There was a higher representation of blacks among patients with anemia (Table 1). There were more patients with orthopnea, peripheral edema, and NYHA functional class III/IV amongst patients with anemia. Patients with anemia had a higher prevalence of co-morbidities like diabetes mellitus, coronary artery disease, and renal insufficiency. These patients had a higher prevalence of recent hospitalization and the concentration of markers of myocardial stretch (BNP and NT-proBNP). There was no difference in the LVEF or global longitudinal strain. The proportion of patients on spironolactone was similar in the 2 groups (Table 1).

In the TOPCAT-Americas, there were 517 patients with the primary outcome, with an annual rate of 11.4% (95% CI 10.5, 12.4) over 2.4 years of follow-up (IQR 1.4–3.9). Patients with anemia had a 52% higher risk of the primary outcome as compared to those without anemia (IR 16.4 vs. 8.4 events per 100 person-years, Adjusted HR [AHR]: 1.52, p<0.001) (Table 2). With every 1 g/dl decrease in hemoglobin, there was a 17.0% (p<0.001) increase in the adjusted incidence rate of the primary outcome (Figure 2). There was no interaction between hemoglobin and gender (p=0.915) or hemoglobin and the use of spironolactone (p=0.632) on the risk of the primary outcome.

Table 2:

Outcomes in the TOPCAT-Americas Population Stratified by Anemia

Hazard Ratio*
Outcome n/N Median Follow-up Time (in years) Unadjusted P-value Adjusted (n=1728) P-value
Primary Outcome 517/1748 2.4 1.90 (1.60, 2.26) <0.001 1.52 (1.27 to 1.83) <0.001
Mortality
All-cause 385/1748 2.9 1.62 (1.32 to 1.97) <0.001 1.40 (1.14 to 1.74) 0.002
CV mortality 221/1748 2.9 1.65 (1.27 to 2.16) 0.001 1.47 (1.11 to 1.94) 0.007
Non-CV mortality 164/1748 2.9 1.56 (1.15 to 2.12) 0.004 1.31 (0.95 to 1.82) 0.104
Hospitalization
All cause hospitalization 1051/1748 1.5 1.46 (1.29 to 1.65) <0.001 1.26 (1.11 to 1.44) <0.001
HF hospitalization 396/1748 2.4 2.03 (1.67 to 2.49) <0.001 1.56 (1.26 to 1.93) <0.001
Other events
Aborted cardiac arrest 6/1748 2.9 1.69 (0.34 to 8.48) 0.521 0.81 (0.11 to 5.78) 0.832
Myocardial Infarction 94/1748 2.6 1.52 (1.02 to 2.29) 0.041 1.43 (0.93 to 2.21) 0.103
Stroke 77/1748 2.8 1.15 (0.73 to 1.81) 0.535 1.06 (0.66 to 1.71) 0.797
Open in a new tab
*

with no anemia as the reference standard.

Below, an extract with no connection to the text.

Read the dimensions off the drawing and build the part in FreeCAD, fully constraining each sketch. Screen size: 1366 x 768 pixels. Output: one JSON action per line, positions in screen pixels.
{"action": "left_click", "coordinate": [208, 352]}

Primary Outcome defined as a composite of CV mortality, aborted cardiac arrest and HF hospitalization.

HF = Heart Failure; CV = Cardiovascular. Covariates in adjusted cox-proportional hazard include age, sex, race, ethnicity, current smoker, body mass index, hypertension, diabetes, dyslipidemia, coronary artery disease, left ventricle ejection fraction, estimated glomerular filtration rate, atrial fibrillation, New York Heart Association class (III and IV vs. I and II), orthopnea, myocardial infarction and stroke at baseline, peripheral arterial disease, and treatment with spironolactone.

Figure 2:

Figure 2:

Open in a new tab

Relationship between hemoglobin and the Primary Outcome, All-cause mortality, Cardiovascular-Mortality, All-cause hospitalization and Heart Failure Hospitalization in the TOPCAT-Americas Population.

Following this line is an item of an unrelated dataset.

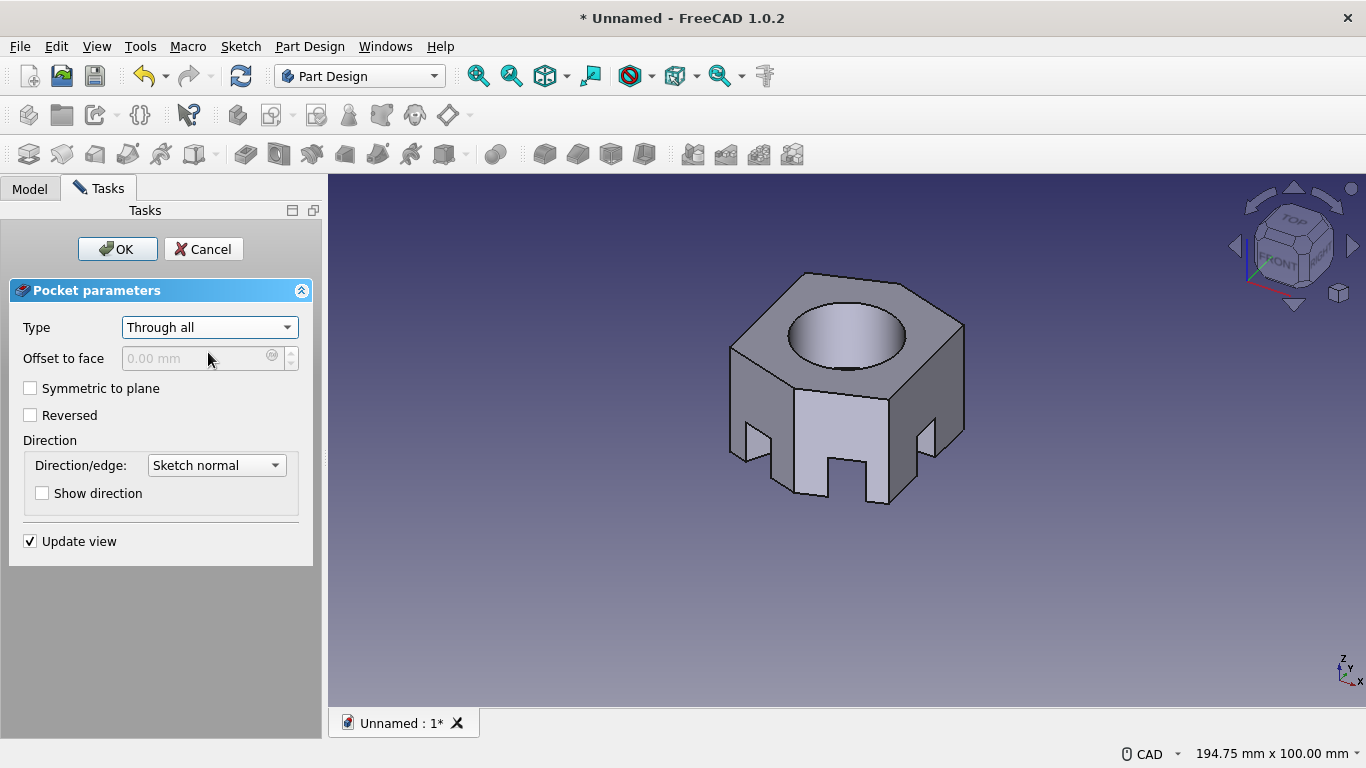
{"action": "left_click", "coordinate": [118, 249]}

The adjusted Poisson regression models were controlled for age, sex, race, ethnicity, body mass index, hypertension, diabetes, dyslipidemia, estimated GFR (eGFR based on the Modification of Diet in Renal Disease equation), atrial fibrillation, coronary artery disease, myocardial infarction, New York Heart Association class (III and IV vs. I and II), orthopnea, stroke, peripheral arterial disease, treatment with spironolactone, current smoker, left ventricle ejection fraction, and albumin concentration. Restricted cubic spline Poisson regression models estimates (solid red) are presented with 95% confidence intervals (dashed red). Blue bars represent the frequency histogram. IRR: Incidence rate ratio for every 1 g/dL decrease in hemoglobin; dL: deciliter

There were 385 deaths during a median follow-up of 2.9 years (IQR 1.9–4.2). The majority of deaths were CV-related (221/385; 57%). Patients with anemia had a 40% higher risk of all-cause mortality (IR 9.5 vs. 6.0 events per 100 person-years, AHR 1.40, p=0.002) and a 47% higher hazard of CV mortality (IR 5.5 vs. 3.4 events per 100 person-years, AHR 1.47, p=0.007) as compared to those without anemia (Table 2). There was no interaction between hemoglobin and gender for all-cause mortality (p=0.444) or CV mortality (p=0.207). The risk of non-CV mortality was also higher in anemics but not statistical significance (IR 4.0 vs. 2.6 events per 100 person-years, AHR 1.31, p=0.104) (Table 2).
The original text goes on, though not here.